Warning mysql_query, mysql_fetch_array,mysql_connect etc.. extensions were deprecated in PHP 5.5.0, and it was removed in PHP 7.0.0. Instead, the MySQLi or PDO_MySQL extension should be used.

0
votes

I've modified your code a little. Tried to do it the elegant way. You had wrote too much of superfluous code. You didn't need a <form> element to perform the asked operation. Anyway below is the modified code.

<!DOCTYPE html>
<head>
    <title>Address Generator</title>
</head>
<body>
    <p id="heading">Address Generator</p>
    <center>
    <!-- <div id="select_box"> -->
    <select name="select_box" id="select_box">

        <?php
            include (  "accounts.php"     ) ;
            ( $dbh = mysql_connect ( $hostname, $username, $password ) ) or die ( "Unable to connect to MySQL database" );
            print "Connected to MySQL<br>";
            mysql_select_db( $project ); 
            $select=mysql_query("select state from zipcodes group by state");
            while($row=mysql_fetch_array($select))
            {
                echo "<option>".$row['state']."</option>";
            }
         ?>            
    </select>
    <select id="new_select">

    </select>
    <div id='2'> </div>
    <br><br>
    <input type = text name="address">Address
    <br><br>
    <script type="text/javascript" src="js/jquery.js"></script>
    <script type="text/javascript">
        $(document).ready(function() {
            $('#select_box').on('change', function() {
                var state = $(this).val();
                $.ajax({
                    url: 'fetch.php',
                    type: 'POST',
                    data: {state: state},
                    success: function(response)
                    {
                        var response = JSON.parse(response);
                        $('#new_select').find('option').remove();
                        var option = '';
                        $.each(response.cities, function(key, val) {
                          option = option + "<option value='" + val + "'>" + val + "</option>";
                        });
                          $('#new_select').append(option);
                    }
                });
            });
        });
    </script>
</body>
  1. I've added Jquery before the end of </body> tag. This doesn't hinder your current code execution. However you could always preload it but that tactic is for later.
  2. Since you didn't need any <form> element so I've completely removed it.

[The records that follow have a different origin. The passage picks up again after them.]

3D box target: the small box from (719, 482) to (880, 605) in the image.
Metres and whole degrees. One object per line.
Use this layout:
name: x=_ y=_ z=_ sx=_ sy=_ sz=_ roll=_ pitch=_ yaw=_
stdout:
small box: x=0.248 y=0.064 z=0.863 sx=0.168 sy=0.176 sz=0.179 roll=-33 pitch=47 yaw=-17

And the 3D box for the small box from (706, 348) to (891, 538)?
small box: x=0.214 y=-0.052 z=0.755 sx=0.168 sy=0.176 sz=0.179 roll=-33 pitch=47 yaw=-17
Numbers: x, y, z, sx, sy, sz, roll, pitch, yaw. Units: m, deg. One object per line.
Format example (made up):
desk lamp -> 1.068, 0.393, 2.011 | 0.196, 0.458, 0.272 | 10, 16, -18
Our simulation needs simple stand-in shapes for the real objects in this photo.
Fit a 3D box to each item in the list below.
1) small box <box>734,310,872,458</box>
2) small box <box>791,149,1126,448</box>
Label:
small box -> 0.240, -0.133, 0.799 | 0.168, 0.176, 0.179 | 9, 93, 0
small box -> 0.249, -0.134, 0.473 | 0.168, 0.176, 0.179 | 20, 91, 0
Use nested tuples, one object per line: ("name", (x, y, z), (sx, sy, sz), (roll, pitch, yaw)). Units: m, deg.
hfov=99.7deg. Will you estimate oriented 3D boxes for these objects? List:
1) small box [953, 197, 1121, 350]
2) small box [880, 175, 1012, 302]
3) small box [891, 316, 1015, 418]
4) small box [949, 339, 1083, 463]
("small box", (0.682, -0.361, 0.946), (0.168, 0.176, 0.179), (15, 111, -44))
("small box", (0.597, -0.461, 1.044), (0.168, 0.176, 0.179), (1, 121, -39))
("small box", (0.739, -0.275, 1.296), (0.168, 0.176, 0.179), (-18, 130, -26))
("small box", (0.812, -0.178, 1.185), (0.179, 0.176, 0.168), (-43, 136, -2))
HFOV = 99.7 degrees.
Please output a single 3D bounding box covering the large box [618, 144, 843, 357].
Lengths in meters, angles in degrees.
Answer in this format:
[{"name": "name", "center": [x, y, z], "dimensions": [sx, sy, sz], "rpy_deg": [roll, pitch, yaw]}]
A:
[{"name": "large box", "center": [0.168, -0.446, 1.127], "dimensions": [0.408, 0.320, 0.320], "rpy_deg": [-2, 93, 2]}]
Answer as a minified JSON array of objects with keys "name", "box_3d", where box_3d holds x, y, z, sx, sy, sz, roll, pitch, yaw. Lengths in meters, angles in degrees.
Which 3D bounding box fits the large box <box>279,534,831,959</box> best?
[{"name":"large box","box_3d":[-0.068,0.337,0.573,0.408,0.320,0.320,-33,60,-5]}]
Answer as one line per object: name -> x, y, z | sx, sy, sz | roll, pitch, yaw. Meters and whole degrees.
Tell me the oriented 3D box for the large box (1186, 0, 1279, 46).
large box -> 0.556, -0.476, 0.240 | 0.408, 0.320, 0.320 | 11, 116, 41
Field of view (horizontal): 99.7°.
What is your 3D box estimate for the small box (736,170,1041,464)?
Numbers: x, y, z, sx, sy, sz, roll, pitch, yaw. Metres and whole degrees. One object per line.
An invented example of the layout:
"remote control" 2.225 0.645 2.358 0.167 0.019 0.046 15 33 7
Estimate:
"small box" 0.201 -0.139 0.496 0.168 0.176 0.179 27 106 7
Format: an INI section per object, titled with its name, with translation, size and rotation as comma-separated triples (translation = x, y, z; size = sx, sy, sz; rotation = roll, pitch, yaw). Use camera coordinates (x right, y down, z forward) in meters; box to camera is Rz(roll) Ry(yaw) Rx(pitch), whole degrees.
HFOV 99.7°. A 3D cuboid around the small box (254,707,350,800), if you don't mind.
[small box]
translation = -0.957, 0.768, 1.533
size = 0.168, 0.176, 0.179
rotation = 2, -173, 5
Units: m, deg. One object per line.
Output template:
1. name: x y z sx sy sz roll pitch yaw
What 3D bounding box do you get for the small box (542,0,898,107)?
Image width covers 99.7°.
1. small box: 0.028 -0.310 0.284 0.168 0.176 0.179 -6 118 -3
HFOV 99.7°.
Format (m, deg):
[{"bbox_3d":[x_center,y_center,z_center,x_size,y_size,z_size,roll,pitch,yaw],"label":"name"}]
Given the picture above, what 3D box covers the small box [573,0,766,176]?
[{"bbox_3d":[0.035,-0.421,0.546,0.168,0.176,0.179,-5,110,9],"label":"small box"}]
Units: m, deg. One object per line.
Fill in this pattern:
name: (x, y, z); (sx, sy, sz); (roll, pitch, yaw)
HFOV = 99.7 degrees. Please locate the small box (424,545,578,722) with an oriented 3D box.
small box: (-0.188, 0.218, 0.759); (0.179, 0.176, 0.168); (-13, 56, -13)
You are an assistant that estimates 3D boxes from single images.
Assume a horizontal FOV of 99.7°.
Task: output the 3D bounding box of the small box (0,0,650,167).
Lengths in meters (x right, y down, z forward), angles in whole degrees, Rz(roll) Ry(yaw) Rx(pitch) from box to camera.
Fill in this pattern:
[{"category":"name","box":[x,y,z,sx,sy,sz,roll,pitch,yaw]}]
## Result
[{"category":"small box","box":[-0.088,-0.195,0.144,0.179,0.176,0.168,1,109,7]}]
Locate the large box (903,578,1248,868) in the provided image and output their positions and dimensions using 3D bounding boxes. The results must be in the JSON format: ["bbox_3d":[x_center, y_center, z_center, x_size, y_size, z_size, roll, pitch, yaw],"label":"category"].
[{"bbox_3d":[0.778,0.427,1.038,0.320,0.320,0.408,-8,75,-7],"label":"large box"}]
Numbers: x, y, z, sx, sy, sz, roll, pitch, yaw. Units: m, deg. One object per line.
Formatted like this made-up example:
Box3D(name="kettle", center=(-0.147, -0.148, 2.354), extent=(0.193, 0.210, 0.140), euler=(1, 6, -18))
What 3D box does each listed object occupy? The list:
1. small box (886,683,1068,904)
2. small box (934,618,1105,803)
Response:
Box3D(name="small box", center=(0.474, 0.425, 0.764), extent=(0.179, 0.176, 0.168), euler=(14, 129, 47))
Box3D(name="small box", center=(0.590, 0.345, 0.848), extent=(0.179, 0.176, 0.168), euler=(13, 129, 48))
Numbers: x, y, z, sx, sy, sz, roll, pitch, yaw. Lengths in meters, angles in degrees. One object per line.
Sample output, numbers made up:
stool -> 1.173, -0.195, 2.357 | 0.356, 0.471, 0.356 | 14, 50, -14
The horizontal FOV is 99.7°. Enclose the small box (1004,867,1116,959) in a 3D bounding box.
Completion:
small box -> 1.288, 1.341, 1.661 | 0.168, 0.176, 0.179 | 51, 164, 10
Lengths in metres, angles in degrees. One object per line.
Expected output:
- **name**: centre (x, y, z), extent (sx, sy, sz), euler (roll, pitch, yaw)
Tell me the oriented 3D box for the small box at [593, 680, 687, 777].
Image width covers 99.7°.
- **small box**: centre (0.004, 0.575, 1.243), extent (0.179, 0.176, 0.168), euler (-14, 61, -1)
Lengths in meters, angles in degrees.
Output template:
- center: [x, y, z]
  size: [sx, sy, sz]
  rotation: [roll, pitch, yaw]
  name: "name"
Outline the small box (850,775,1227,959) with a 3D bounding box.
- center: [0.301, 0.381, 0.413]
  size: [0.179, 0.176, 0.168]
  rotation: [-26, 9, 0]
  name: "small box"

You can always add it according to your convenience.
  3. I'm running a loop on the cities array of the object response that I'm getting from fetch.php.
  4. parsing the JSON data using JSON.parse() function.
  5. You'll need to json_encode your json variable which will store the corresponding citites data.

I hope this helps. Any further queries are welcome too.